Even if bulk cardholder data was accessible via the web application I wonder if 11.2 really requires it built into the application. The test for 11.2 says:

"If the payment application may be accessed remotely, examine PA-DSS Implementation Guide prepared by the software vendor, and verify it contains instructions for customers and resellers/integrators regarding required use of two-factor authentication (user ID and password and an additional authentication item such as a smart card, token, or PIN)."

11.1 just before that is to verify that the application won't interfere with the use of 2FA.

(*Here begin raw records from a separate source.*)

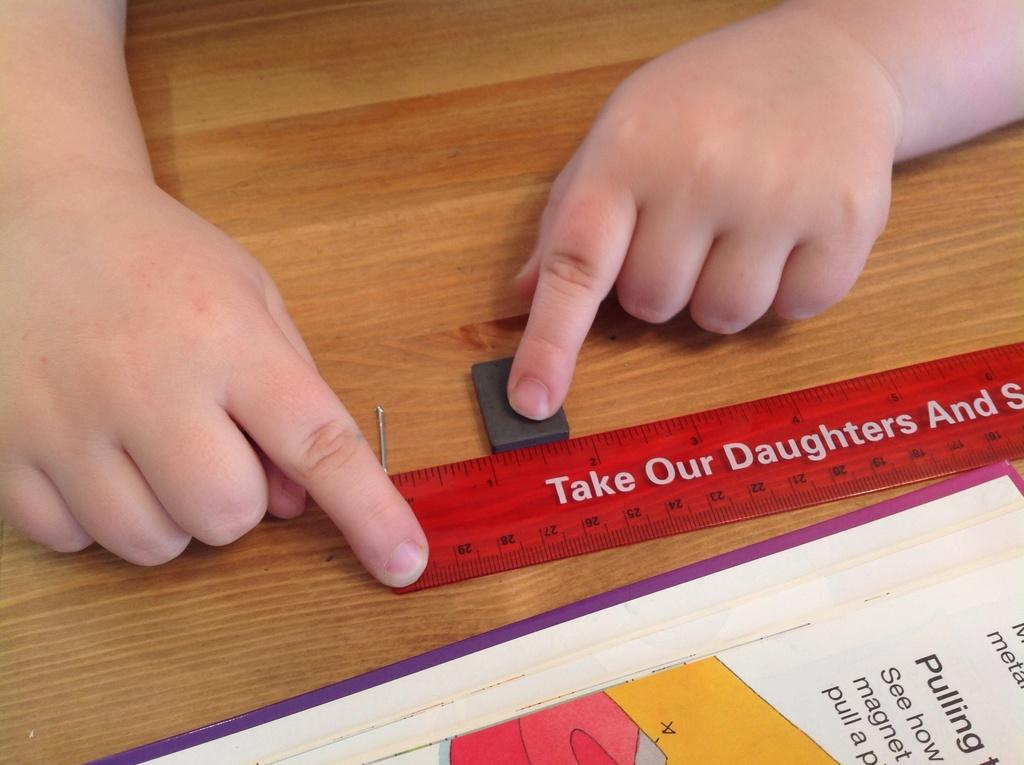<image>
Create a compact narrative representing the image presented. A red ruler is on a table that says, "Take our daughters" in white letters. 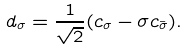<formula> <loc_0><loc_0><loc_500><loc_500>d _ { \sigma } = \frac { 1 } { \sqrt { 2 } } ( c _ { \sigma } - \sigma c _ { \bar { \sigma } } ) .</formula> 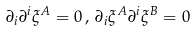<formula> <loc_0><loc_0><loc_500><loc_500>\partial _ { i } \partial ^ { i } \xi ^ { A } = 0 \, , \, \partial _ { i } \xi ^ { A } \partial ^ { i } \xi ^ { B } = 0</formula> 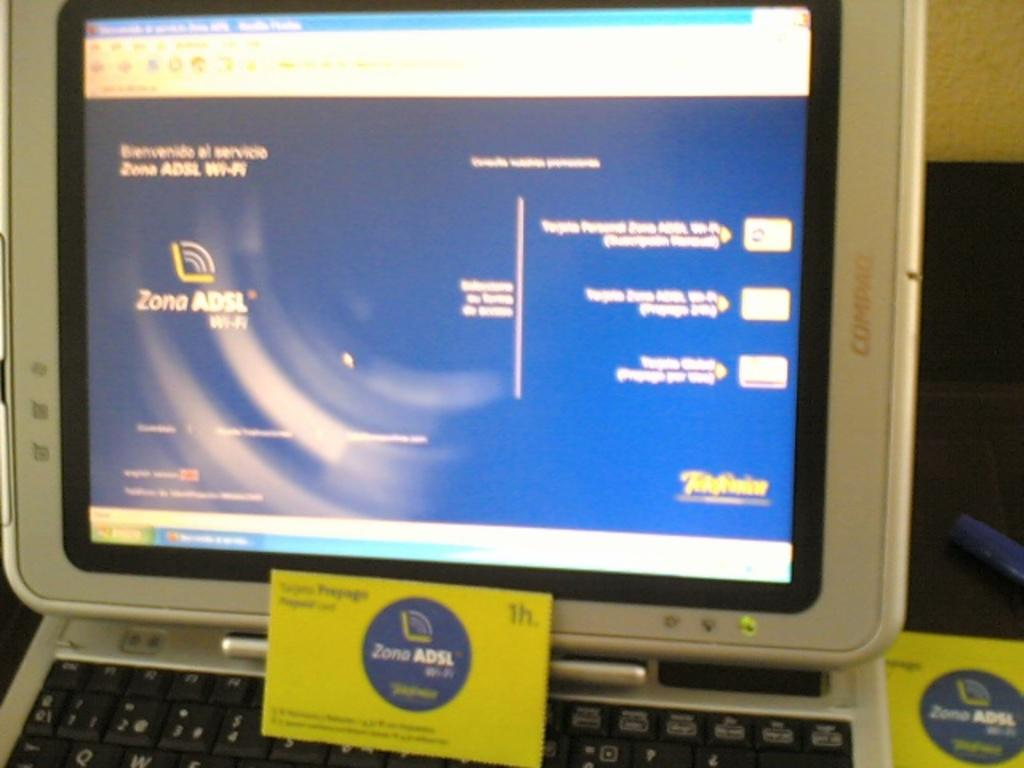<image>
Provide a brief description of the given image. A card that says "Zone ADSL" is propped up on a keyboard.

So I understand there might be a need for 2FA depending on access to cardholder data but does PA-DSS really require that the application provide the 2FA? Or just that the implementation guide document the need for 2FA and its up to the merchant to provide the 2FA method as part of PCI_DSS compliance? Looking at a couple of other certified payment applications on the PCI-SSC list it seems like they are going with the latter. I certainly would prefer buying an appliance or software from a security vendor for 2FA over something built into my payment application.

[jbhall56]

Sorry for any confusion.

Based on your description, you are correct that two factor authentication is not required in this case of remote access. Since the merchant does not have access to bulk cardholder data, they do not need to be authenticated using two factors.

That said, one thing we did not discuss is whether or not the application does appropriate logging of activity. Since they followed the PA-DSS, I am assuming they perform appropriate logging of all activity performed through the site. However, the more I work with service providers, the more I'm finding holes in their logging.